Activity. The copy must match the data below line for line and contain no images.

(Dataset entries)
● ● ●
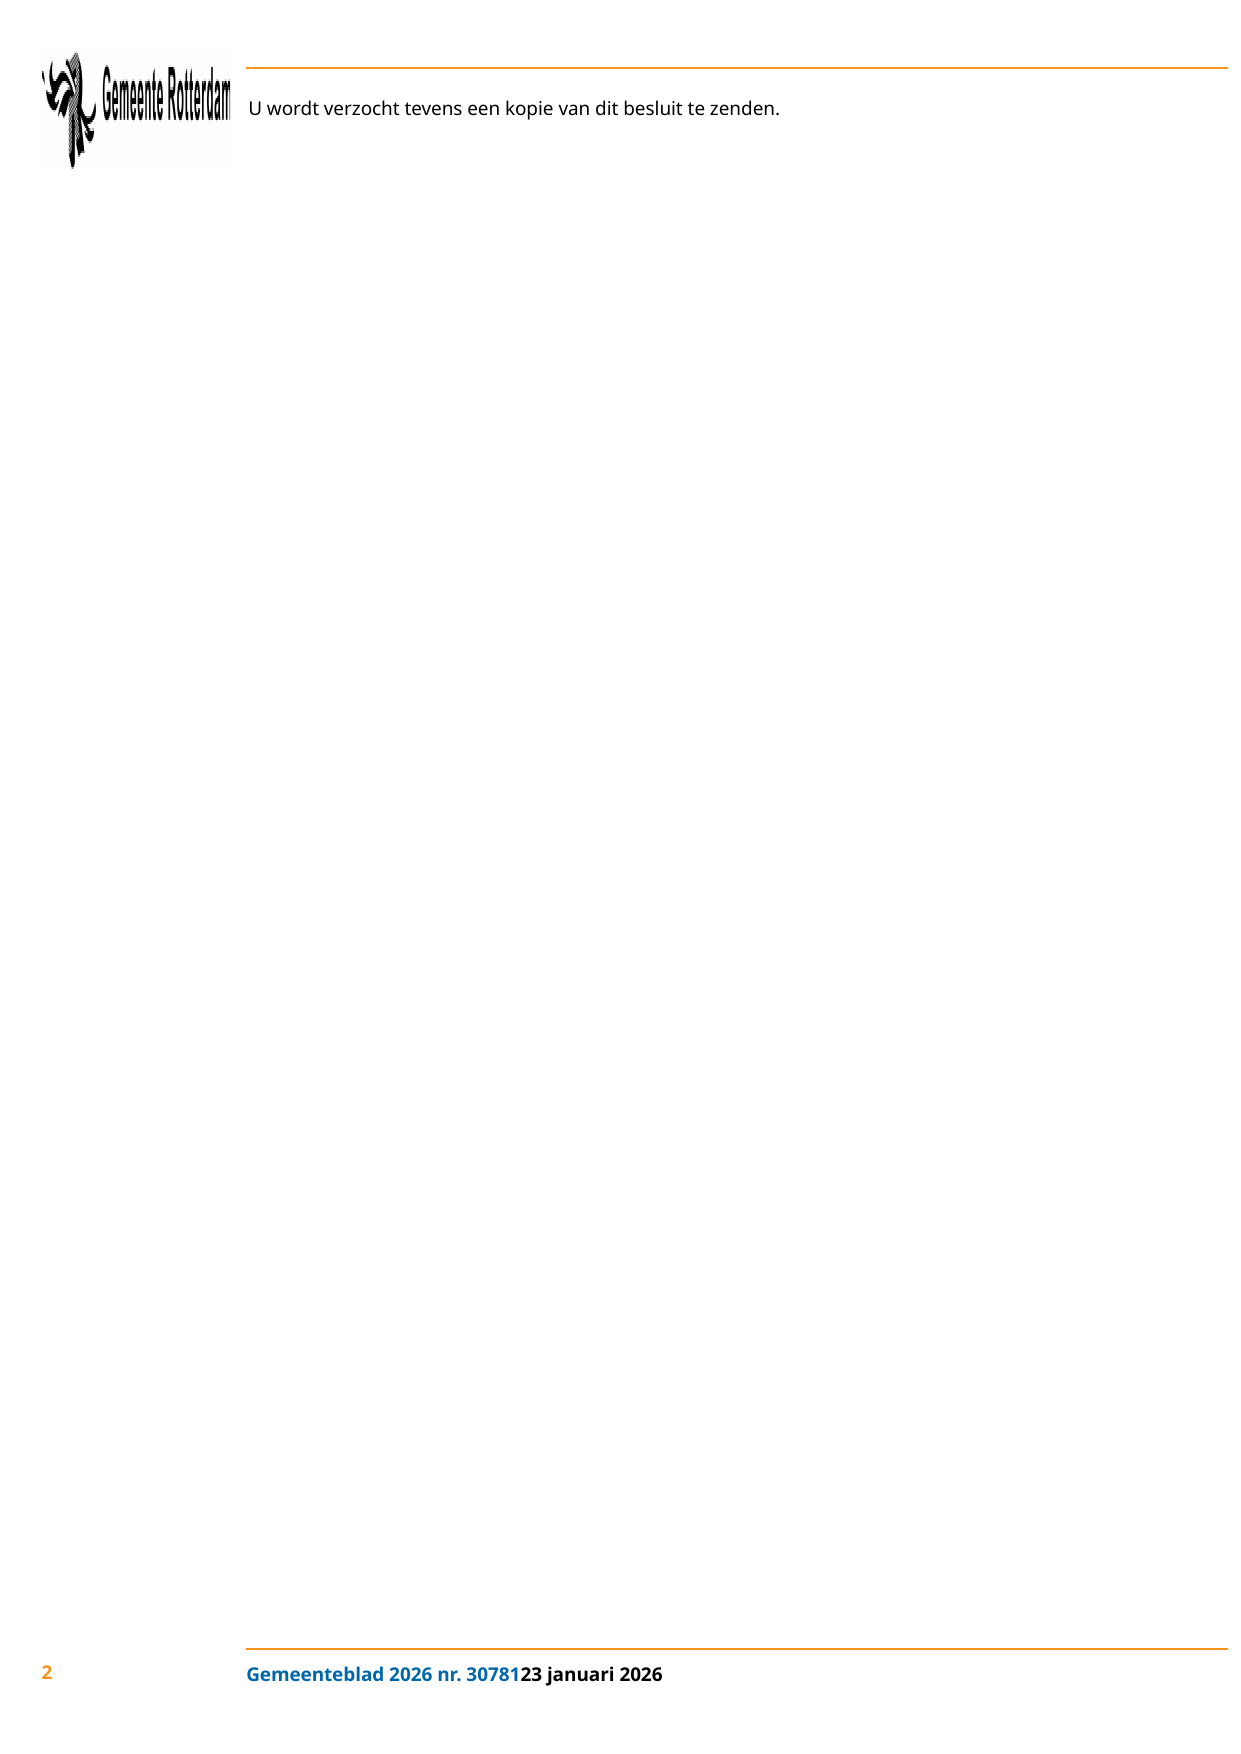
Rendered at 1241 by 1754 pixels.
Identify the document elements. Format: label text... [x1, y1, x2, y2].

text U wordt verzocht tevens een kopie van dit besluit te zenden. [248, 95, 1152, 121]
picture [41, 47, 231, 172]
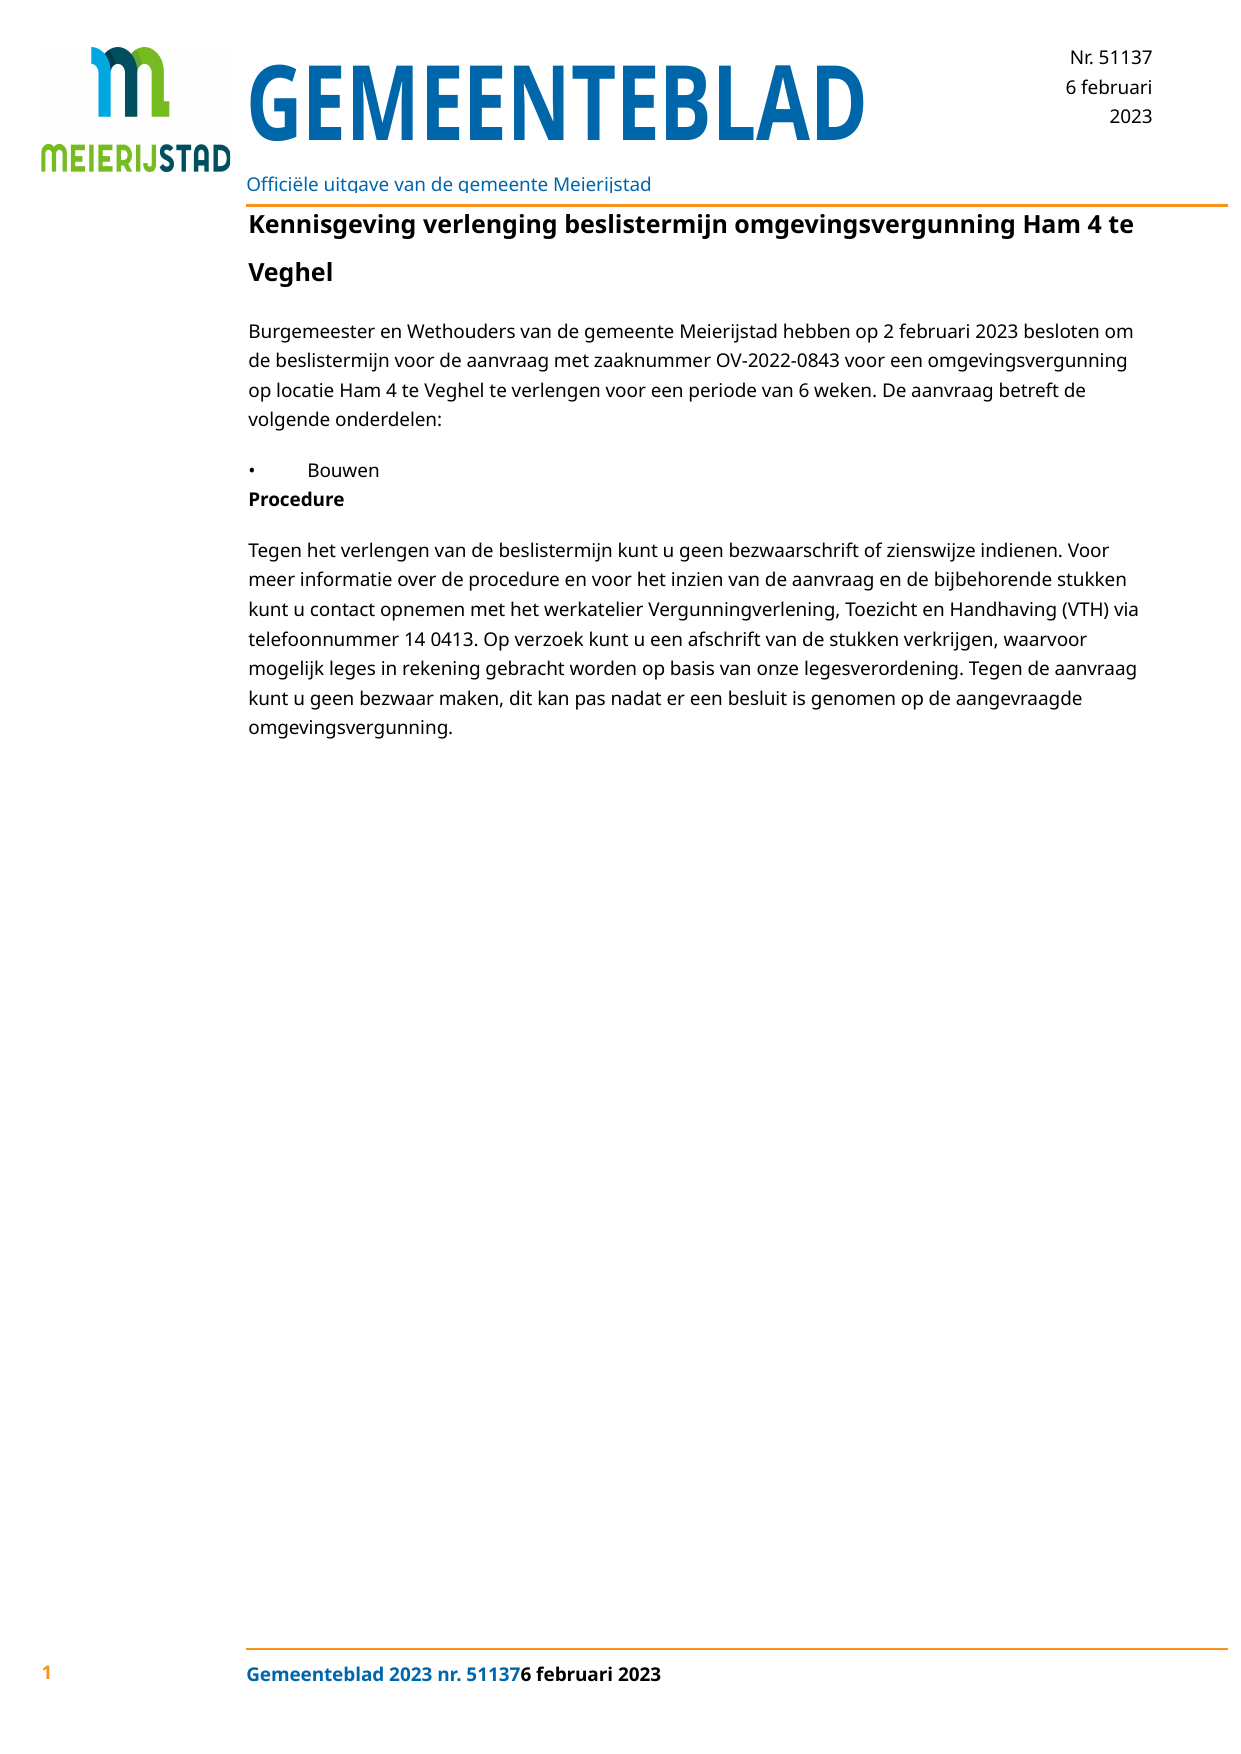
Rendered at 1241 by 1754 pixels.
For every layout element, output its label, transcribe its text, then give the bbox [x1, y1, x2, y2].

picture [41, 47, 231, 172]
text Tegen het verlengen van de beslistermijn kunt u geen bezwaarschrift of zienswijze indienen. Voor meer informatie over de procedure en voor het inzien van de aanvraag en de bijbehorende stukken kunt u contact opnemen met het werkatelier Vergunningverlening, Toezicht en Handhaving (VTH) via telefoonnummer 14 0413. Op verzoek kunt u een afschrift van de stukken verkrijgen, waarvoor mogelijk leges in rekening gebracht worden op basis van onze legesverordening. Tegen de aanvraag kunt u geen bezwaar maken, dit kan pas nadat er een besluit is genomen op de aangevraagde omgevingsvergunning. [248, 537, 1152, 740]
text Procedure [248, 487, 1152, 512]
list Bouwen [248, 457, 1152, 483]
text Burgemeester en Wethouders van de gemeente Meierijstad hebben op 2 februari 2023 besloten om de beslistermijn voor de aanvraag met zaaknummer OV-2022-0843 voor een omgevingsvergunning op locatie Ham 4 te Veghel te verlengen voor een periode van 6 weken. De aanvraag betreft de volgende onderdelen: [248, 318, 1152, 432]
text Kennisgeving verlenging beslistermijn omgevingsvergunning Ham 4 te Veghel [248, 207, 1152, 288]
● ● ●
Task output.
Rendered at 1241 by 1754 pixels.
Identify the document elements. Format: label text... [x1, y1, x2, y2].

text U wordt verzocht tevens een kopie van dit besluit te zenden. [248, 95, 1152, 121]
picture [41, 47, 231, 172]
Rendered at 1241 by 1754 pixels.
For every layout element, output its label, transcribe its text, then give the bbox [x1, y1, x2, y2].

picture [41, 47, 231, 172]
text Tegen het verlengen van de beslistermijn kunt u geen bezwaarschrift of zienswijze indienen. Voor meer informatie over de procedure en voor het inzien van de aanvraag en de bijbehorende stukken kunt u contact opnemen met het werkatelier Vergunningverlening, Toezicht en Handhaving (VTH) via telefoonnummer 14 0413. Op verzoek kunt u een afschrift van de stukken verkrijgen, waarvoor mogelijk leges in rekening gebracht worden op basis van onze legesverordening. Tegen de aanvraag kunt u geen bezwaar maken, dit kan pas nadat er een besluit is genomen op de aangevraagde omgevingsvergunning. [248, 537, 1152, 740]
text Procedure [248, 487, 1152, 512]
list Bouwen [248, 457, 1152, 483]
text Burgemeester en Wethouders van de gemeente Meierijstad hebben op 2 februari 2023 besloten om de beslistermijn voor de aanvraag met zaaknummer OV-2022-0843 voor een omgevingsvergunning op locatie Ham 4 te Veghel te verlengen voor een periode van 6 weken. De aanvraag betreft de volgende onderdelen: [248, 318, 1152, 432]
text Kennisgeving verlenging beslistermijn omgevingsvergunning Ham 4 te Veghel [248, 207, 1152, 288]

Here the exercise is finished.